If I did rely on luck, I suppose I might have to buy into the notion of how too much talking about the future might "jinx" us. But I refuse to believe in causing genetic mutations because of conversations or thoughts or a lack of prayer or even a lack of goodness. I won't put human agency or omission on the hook for a process that even the smartest scientists in the world and the holiest spiritual leaders can't explain.
Did you read Humans of New York over the last few weeks? HONY is an incredible website and Facebook page that tells people's stories - with an image or two and a few paragraphs of text, it manages to convey the breathtaking, heartbreaking, mundane beauty of being a human being.
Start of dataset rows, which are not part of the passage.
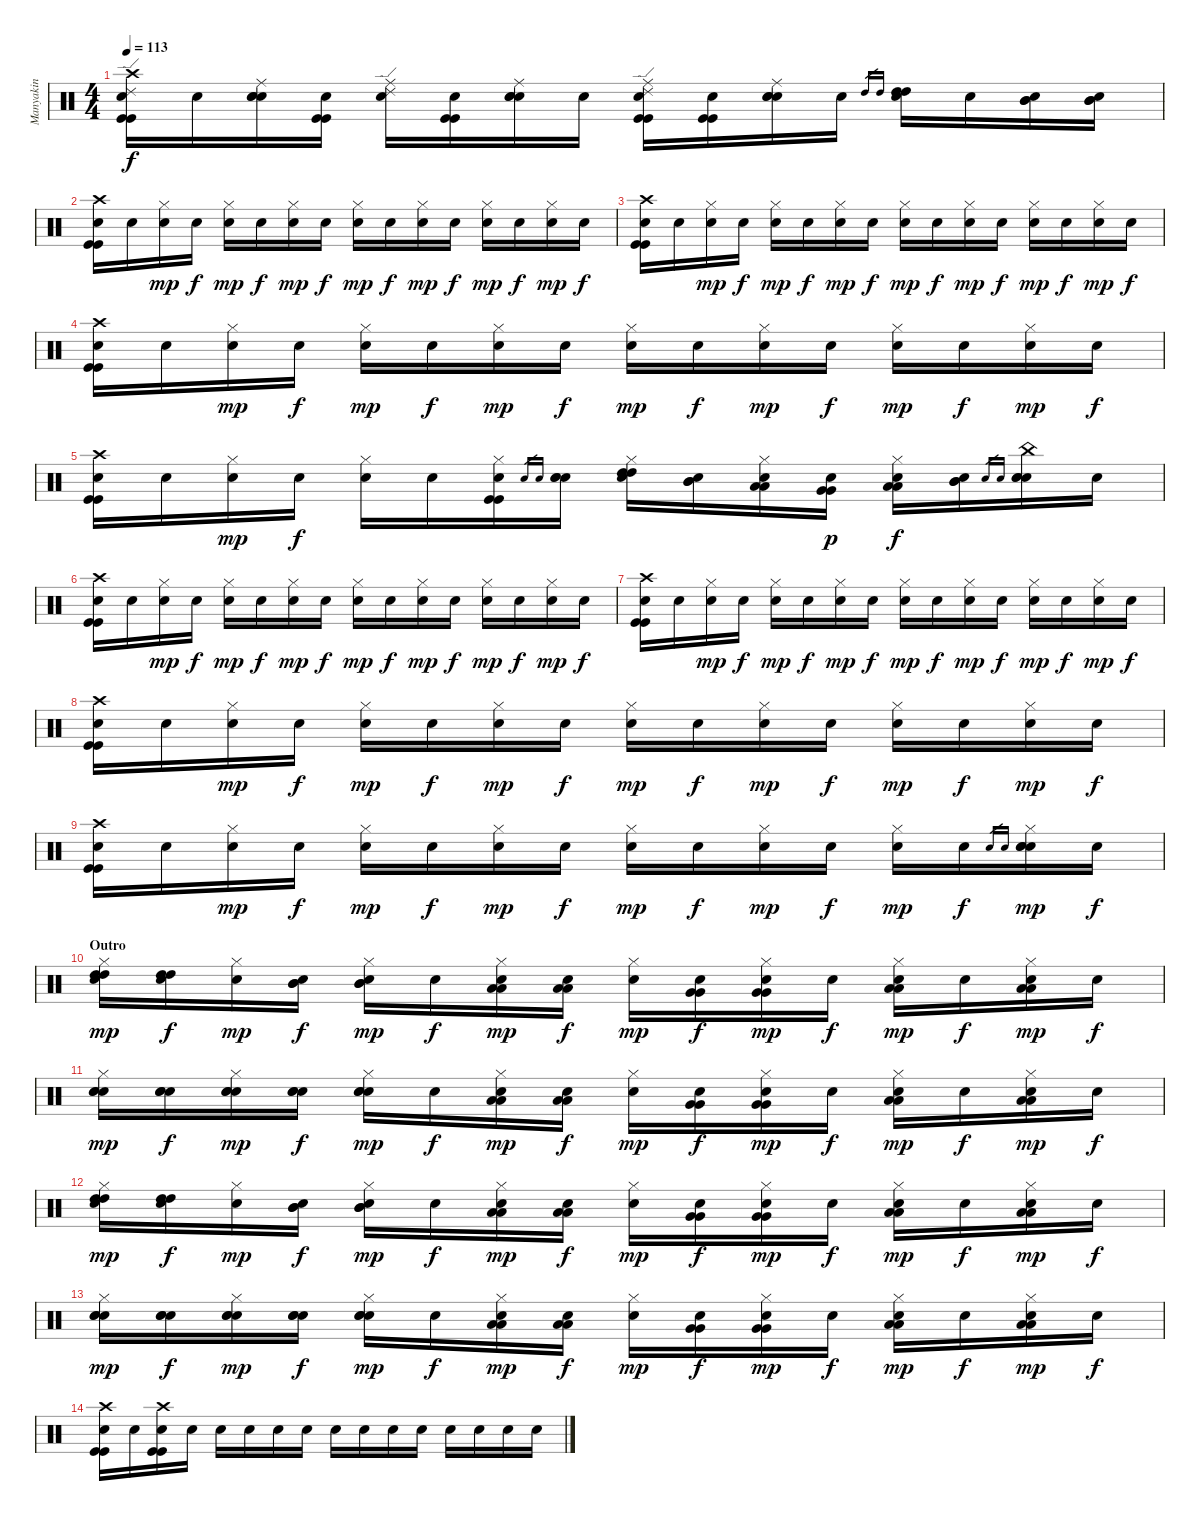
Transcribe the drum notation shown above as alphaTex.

\track ("Manyakin" "Manyakin") {instrument percussion}
\staff {score}
\articulation defaults
\ts (4 4)
\tempo 113
\clef neutral
\ks c
("Crash high (hit)" "Ride (edge) 2" "Kick (hit)" "Kick (hit)" "Snare (hit)"{x}).16{dy f} "Snare (hit)"{x}.16 ("Ride (middle)" "Electric Snare (hit)" "Electric Snare (hit)" "Snare (hit)"{x}).16 ("Kick (hit)" "Kick (hit)" "Snare (hit)"{x}).16 ("Ride (middle)" "Ride (edge) 2" "Snare (hit)"{x}).16 ("Kick (hit)" "Kick (hit)" "Snare (hit)"{x}).16 ("Ride (middle)" "Electric Snare (hit)" "Electric Snare (hit)" "Snare (hit)"{x}).16 "Snare (hit)"{x}.16 ("Ride (middle)" "Ride (edge) 2" "Kick (hit)" "Kick (hit)" "Snare (hit)"{x}).16 ("Kick (hit)" "Kick (hit)" "Snare (hit)"{x}).16 ("Ride (middle)" "Electric Snare (hit)" "Electric Snare (hit)" "Snare (hit)"{x}).16 "Snare (hit)"{x}.16 "High Tom (hit)".16{gr} "High Tom (hit)".16{gr} ("High Tom (hit)" "High Tom (hit)" "Snare (hit)"{x}).16 "Snare (hit)"{x}.16 ("Mid Tom (hit)" "Mid Tom (hit)" "Snare (hit)"{x}).16 ("Mid Tom (hit)" "Mid Tom (hit)" "Snare (hit)"{x}).16 |
("Crash high (hit)" "Kick (hit)" "Kick (hit)" "Snare (hit)"{x}).16 "Snare (hit)"{x}.16 ("Hi-Hat (closed)" "Snare (hit)"{x}).16{dy mp} "Snare (hit)"{x}.16{dy f} ("Hi-Hat (closed)" "Snare (hit)"{x}).16{dy mp} "Snare (hit)"{x}.16{dy f} ("Hi-Hat (closed)" "Snare (hit)"{x}).16{dy mp} "Snare (hit)"{x}.16{dy f} ("Hi-Hat (closed)" "Snare (hit)"{x}).16{dy mp} "Snare (hit)"{x}.16{dy f} ("Hi-Hat (closed)" "Snare (hit)"{x}).16{dy mp} "Snare (hit)"{x}.16{dy f} ("Hi-Hat (closed)" "Snare (hit)"{x}).16{dy mp} "Snare (hit)"{x}.16{dy f} ("Hi-Hat (closed)" "Snare (hit)"{x}).16{dy mp} "Snare (hit)"{x}.16{dy f} |
("Crash high (hit)" "Kick (hit)" "Kick (hit)" "Snare (hit)"{x}).16 "Snare (hit)"{x}.16 ("Hi-Hat (closed)" "Snare (hit)"{x}).16{dy mp} "Snare (hit)"{x}.16{dy f} ("Hi-Hat (closed)" "Snare (hit)"{x}).16{dy mp} "Snare (hit)"{x}.16{dy f} ("Hi-Hat (closed)" "Snare (hit)"{x}).16{dy mp} "Snare (hit)"{x}.16{dy f} ("Hi-Hat (closed)" "Snare (hit)"{x}).16{dy mp} "Snare (hit)"{x}.16{dy f} ("Hi-Hat (closed)" "Snare (hit)"{x}).16{dy mp} "Snare (hit)"{x}.16{dy f} ("Hi-Hat (closed)" "Snare (hit)"{x}).16{dy mp} "Snare (hit)"{x}.16{dy f} ("Hi-Hat (closed)" "Snare (hit)"{x}).16{dy mp} "Snare (hit)"{x}.16{dy f} |
("Crash high (hit)" "Kick (hit)" "Kick (hit)" "Snare (hit)"{x}).16 "Snare (hit)"{x}.16 ("Hi-Hat (closed)" "Snare (hit)"{x}).16{dy mp} "Snare (hit)"{x}.16{dy f} ("Hi-Hat (closed)" "Snare (hit)"{x}).16{dy mp} "Snare (hit)"{x}.16{dy f} ("Hi-Hat (closed)" "Snare (hit)"{x}).16{dy mp} "Snare (hit)"{x}.16{dy f} ("Hi-Hat (closed)" "Snare (hit)"{x}).16{dy mp} "Snare (hit)"{x}.16{dy f} ("Hi-Hat (closed)" "Snare (hit)"{x}).16{dy mp} "Snare (hit)"{x}.16{dy f} ("Hi-Hat (closed)" "Snare (hit)"{x}).16{dy mp} "Snare (hit)"{x}.16{dy f} ("Hi-Hat (closed)" "Snare (hit)"{x}).16{dy mp} "Snare (hit)"{x}.16{dy f} |
("Crash high (hit)" "Kick (hit)" "Kick (hit)" "Snare (hit)"{x}).16 "Snare (hit)"{x}.16 ("Hi-Hat (closed)" "Snare (hit)"{x}).16{dy mp} "Snare (hit)"{x}.16{dy f} ("Hi-Hat (closed)" "Snare (hit)"{x}).16 "Snare (hit)"{x}.16 ("Hi-Hat (closed)" "Kick (hit)" "Kick (hit)" "Snare (hit)"{x}).16 "Electric Snare (hit)".16{gr} "Electric Snare (hit)".16{gr} ("Electric Snare (hit)" "Electric Snare (hit)" "Snare (hit)"{x}).16 ("Hi-Hat (closed)" "High Tom (hit)" "High Tom (hit)" "Snare (hit)"{x}).16 ("Mid Tom (hit)" "Mid Tom (hit)" "Snare (hit)"{x}).16 ("Hi-Hat (closed)" "Low Tom (hit)" "Low Tom (hit)" "Snare (hit)"{x}).16 ("Very Low Tom (hit)" "Very Low Tom (hit)" "Snare (hit)"{x}).16{dy p} ("Hi-Hat (closed)" "Low Tom (hit)" "Low Tom (hit)" "Snare (hit)"{x}).16{dy f} ("Mid Tom (hit)" "Mid Tom (hit)" "Snare (hit)"{x}).16 "Electric Snare (hit)".16{gr} "Electric Snare (hit)".16{gr} ("China (hit)" "Electric Snare (hit)" "Electric Snare (hit)" "Snare (hit)"{x}).16 "Snare (hit)"{x}.16 |
("Crash high (hit)" "Kick (hit)" "Kick (hit)" "Snare (hit)"{x}).16 "Snare (hit)"{x}.16 ("Hi-Hat (closed)" "Snare (hit)"{x}).16{dy mp} "Snare (hit)"{x}.16{dy f} ("Hi-Hat (closed)" "Snare (hit)"{x}).16{dy mp} "Snare (hit)"{x}.16{dy f} ("Hi-Hat (closed)" "Snare (hit)"{x}).16{dy mp} "Snare (hit)"{x}.16{dy f} ("Hi-Hat (closed)" "Snare (hit)"{x}).16{dy mp} "Snare (hit)"{x}.16{dy f} ("Hi-Hat (closed)" "Snare (hit)"{x}).16{dy mp} "Snare (hit)"{x}.16{dy f} ("Hi-Hat (closed)" "Snare (hit)"{x}).16{dy mp} "Snare (hit)"{x}.16{dy f} ("Hi-Hat (closed)" "Snare (hit)"{x}).16{dy mp} "Snare (hit)"{x}.16{dy f} |
("Crash high (hit)" "Kick (hit)" "Kick (hit)" "Snare (hit)"{x}).16 "Snare (hit)"{x}.16 ("Hi-Hat (closed)" "Snare (hit)"{x}).16{dy mp} "Snare (hit)"{x}.16{dy f} ("Hi-Hat (closed)" "Snare (hit)"{x}).16{dy mp} "Snare (hit)"{x}.16{dy f} ("Hi-Hat (closed)" "Snare (hit)"{x}).16{dy mp} "Snare (hit)"{x}.16{dy f} ("Hi-Hat (closed)" "Snare (hit)"{x}).16{dy mp} "Snare (hit)"{x}.16{dy f} ("Hi-Hat (closed)" "Snare (hit)"{x}).16{dy mp} "Snare (hit)"{x}.16{dy f} ("Hi-Hat (closed)" "Snare (hit)"{x}).16{dy mp} "Snare (hit)"{x}.16{dy f} ("Hi-Hat (closed)" "Snare (hit)"{x}).16{dy mp} "Snare (hit)"{x}.16{dy f} |
("Crash high (hit)" "Kick (hit)" "Kick (hit)" "Snare (hit)"{x}).16 "Snare (hit)"{x}.16 ("Hi-Hat (closed)" "Snare (hit)"{x}).16{dy mp} "Snare (hit)"{x}.16{dy f} ("Hi-Hat (closed)" "Snare (hit)"{x}).16{dy mp} "Snare (hit)"{x}.16{dy f} ("Hi-Hat (closed)" "Snare (hit)"{x}).16{dy mp} "Snare (hit)"{x}.16{dy f} ("Hi-Hat (closed)" "Snare (hit)"{x}).16{dy mp} "Snare (hit)"{x}.16{dy f} ("Hi-Hat (closed)" "Snare (hit)"{x}).16{dy mp} "Snare (hit)"{x}.16{dy f} ("Hi-Hat (closed)" "Snare (hit)"{x}).16{dy mp} "Snare (hit)"{x}.16{dy f} ("Hi-Hat (closed)" "Snare (hit)"{x}).16{dy mp} "Snare (hit)"{x}.16{dy f} |
("Crash high (hit)" "Kick (hit)" "Kick (hit)" "Snare (hit)"{x}).16 "Snare (hit)"{x}.16 ("Hi-Hat (closed)" "Snare (hit)"{x}).16{dy mp} "Snare (hit)"{x}.16{dy f} ("Hi-Hat (closed)" "Snare (hit)"{x}).16{dy mp} "Snare (hit)"{x}.16{dy f} ("Hi-Hat (closed)" "Snare (hit)"{x}).16{dy mp} "Snare (hit)"{x}.16{dy f} ("Hi-Hat (closed)" "Snare (hit)"{x}).16{dy mp} "Snare (hit)"{x}.16{dy f} ("Hi-Hat (closed)" "Snare (hit)"{x}).16{dy mp} "Snare (hit)"{x}.16{dy f} ("Hi-Hat (closed)" "Snare (hit)"{x}).16{dy mp} "Snare (hit)"{x}.16{dy f} "Electric Snare (hit)".16{gr} "Electric Snare (hit)".16{gr} ("Hi-Hat (closed)" "Electric Snare (hit)" "Electric Snare (hit)" "Snare (hit)"{x}).16{dy mp} "Snare (hit)"{x}.16{dy f} |
\section ("" "Outro")
("Hi-Hat (closed)" "High Tom (hit)" "High Tom (hit)" "Snare (hit)"{x}).16{dy mp} ("High Tom (hit)" "High Tom (hit)" "Snare (hit)"{x}).16{dy f} ("Hi-Hat (closed)" "Snare (hit)"{x}).16{dy mp} ("Mid Tom (hit)" "Mid Tom (hit)" "Snare (hit)"{x}).16{dy f} ("Hi-Hat (closed)" "Mid Tom (hit)" "Mid Tom (hit)" "Snare (hit)"{x}).16{dy mp} "Snare (hit)"{x}.16{dy f} ("Hi-Hat (closed)" "Low Tom (hit)" "Low Tom (hit)" "Snare (hit)"{x}).16{dy mp} ("Low Tom (hit)" "Low Tom (hit)" "Snare (hit)"{x}).16{dy f} ("Hi-Hat (closed)" "Snare (hit)"{x}).16{dy mp} ("Very Low Tom (hit)" "Very Low Tom (hit)" "Snare (hit)"{x}).16{dy f} ("Hi-Hat (closed)" "Very Low Tom (hit)" "Very Low Tom (hit)" "Snare (hit)"{x}).16{dy mp} "Snare (hit)"{x}.16{dy f} ("Hi-Hat (closed)" "Low Floor Tom (hit)" "Low Floor Tom (hit)" "Snare (hit)"{x}).16{dy mp} "Snare (hit)"{x}.16{dy f} ("Hi-Hat (closed)" "Low Floor Tom (hit)" "Low Floor Tom (hit)" "Snare (hit)"{x}).16{dy mp} "Snare (hit)"{x}.16{dy f} |
("Hi-Hat (closed)" "Electric Snare (hit)" "Electric Snare (hit)" "Snare (hit)"{x}).16{dy mp} ("Electric Snare (hit)" "Electric Snare (hit)" "Snare (hit)"{x}).16{dy f} ("Hi-Hat (closed)" "Electric Snare (hit)" "Electric Snare (hit)" "Snare (hit)"{x}).16{dy mp} ("Electric Snare (hit)" "Electric Snare (hit)" "Snare (hit)"{x}).16{dy f} ("Hi-Hat (closed)" "Electric Snare (hit)" "Electric Snare (hit)" "Snare (hit)"{x}).16{dy mp} "Snare (hit)"{x}.16{dy f} ("Hi-Hat (closed)" "Low Tom (hit)" "Low Tom (hit)" "Snare (hit)"{x}).16{dy mp} ("Low Tom (hit)" "Low Tom (hit)" "Snare (hit)"{x}).16{dy f} ("Hi-Hat (closed)" "Snare (hit)"{x}).16{dy mp} ("Very Low Tom (hit)" "Very Low Tom (hit)" "Snare (hit)"{x}).16{dy f} ("Hi-Hat (closed)" "Very Low Tom (hit)" "Very Low Tom (hit)" "Snare (hit)"{x}).16{dy mp} "Snare (hit)"{x}.16{dy f} ("Hi-Hat (closed)" "Low Floor Tom (hit)" "Low Floor Tom (hit)" "Snare (hit)"{x}).16{dy mp} "Snare (hit)"{x}.16{dy f} ("Hi-Hat (closed)" "Low Floor Tom (hit)" "Low Floor Tom (hit)" "Snare (hit)"{x}).16{dy mp} "Snare (hit)"{x}.16{dy f} |
("Hi-Hat (closed)" "High Tom (hit)" "High Tom (hit)" "Snare (hit)"{x}).16{dy mp} ("High Tom (hit)" "High Tom (hit)" "Snare (hit)"{x}).16{dy f} ("Hi-Hat (closed)" "Snare (hit)"{x}).16{dy mp} ("Mid Tom (hit)" "Mid Tom (hit)" "Snare (hit)"{x}).16{dy f} ("Hi-Hat (closed)" "Mid Tom (hit)" "Mid Tom (hit)" "Snare (hit)"{x}).16{dy mp} "Snare (hit)"{x}.16{dy f} ("Hi-Hat (closed)" "Low Tom (hit)" "Low Tom (hit)" "Snare (hit)"{x}).16{dy mp} ("Low Tom (hit)" "Low Tom (hit)" "Snare (hit)"{x}).16{dy f} ("Hi-Hat (closed)" "Snare (hit)"{x}).16{dy mp} ("Very Low Tom (hit)" "Very Low Tom (hit)" "Snare (hit)"{x}).16{dy f} ("Hi-Hat (closed)" "Very Low Tom (hit)" "Very Low Tom (hit)" "Snare (hit)"{x}).16{dy mp} "Snare (hit)"{x}.16{dy f} ("Hi-Hat (closed)" "Low Floor Tom (hit)" "Low Floor Tom (hit)" "Snare (hit)"{x}).16{dy mp} "Snare (hit)"{x}.16{dy f} ("Hi-Hat (closed)" "Low Floor Tom (hit)" "Low Floor Tom (hit)" "Snare (hit)"{x}).16{dy mp} "Snare (hit)"{x}.16{dy f} |
("Hi-Hat (closed)" "Electric Snare (hit)" "Electric Snare (hit)" "Snare (hit)"{x}).16{dy mp} ("Electric Snare (hit)" "Electric Snare (hit)" "Snare (hit)"{x}).16{dy f} ("Hi-Hat (closed)" "Electric Snare (hit)" "Electric Snare (hit)" "Snare (hit)"{x}).16{dy mp} ("Electric Snare (hit)" "Electric Snare (hit)" "Snare (hit)"{x}).16{dy f} ("Hi-Hat (closed)" "Electric Snare (hit)" "Electric Snare (hit)" "Snare (hit)"{x}).16{dy mp} "Snare (hit)"{x}.16{dy f} ("Hi-Hat (closed)" "Low Tom (hit)" "Low Tom (hit)" "Snare (hit)"{x}).16{dy mp} ("Low Tom (hit)" "Low Tom (hit)" "Snare (hit)"{x}).16{dy f} ("Hi-Hat (closed)" "Snare (hit)"{x}).16{dy mp} ("Very Low Tom (hit)" "Very Low Tom (hit)" "Snare (hit)"{x}).16{dy f} ("Hi-Hat (closed)" "Very Low Tom (hit)" "Very Low Tom (hit)" "Snare (hit)"{x}).16{dy mp} "Snare (hit)"{x}.16{dy f} ("Hi-Hat (closed)" "Low Floor Tom (hit)" "Low Floor Tom (hit)" "Snare (hit)"{x}).16{dy mp} "Snare (hit)"{x}.16{dy f} ("Hi-Hat (closed)" "Low Floor Tom (hit)" "Low Floor Tom (hit)" "Snare (hit)"{x}).16{dy mp} "Snare (hit)"{x}.16{dy f} |
("Crash high (hit)" "Kick (hit)" "Kick (hit)" "Snare (hit)"{x}).16 "Snare (hit)"{x}.16 ("Crash high (hit)" "Kick (hit)" "Kick (hit)" "Snare (hit)"{x}).16 "Snare (hit)"{x}.16 "Snare (hit)"{x}.16 "Snare (hit)"{x}.16 "Snare (hit)"{x}.16 "Snare (hit)"{x}.16 "Snare (hit)"{x}.16 "Snare (hit)"{x}.16 "Snare (hit)"{x}.16 "Snare (hit)"{x}.16 "Snare (hit)"{x}.16 "Snare (hit)"{x}.16 "Snare (hit)"{x}.16 "Snare (hit)"{x}.16

A couple of weeks ago, I noticed a HONY post that one of my FB friend's "liked" in my feed. The picture accompanying the post had a bald kid in it - so needless to say, I clicked on it. HONY was just beginning a series of stories about families and medical staff at Memorial Sloan Kettering's pediatric oncology unit. Everything I've ever wanted to tell you about the bizarre juxtaposition of joy and terror - and so much more beyond my experience - are laid bare in these stories. When the telling was done, HONY had raised $3.8 million for pediatric cancer research.
Too many kids suffer. Too many families have to endure this journey. It gets so much worse than what we have gone through. And I know better than to say, "I could never endure what they have." Because some paths are forced on you. Sometimes you find yourself not at a crossroads but on an entrance ramp, and you have no choice but to get on and hope for an easy exit. Some things just happen.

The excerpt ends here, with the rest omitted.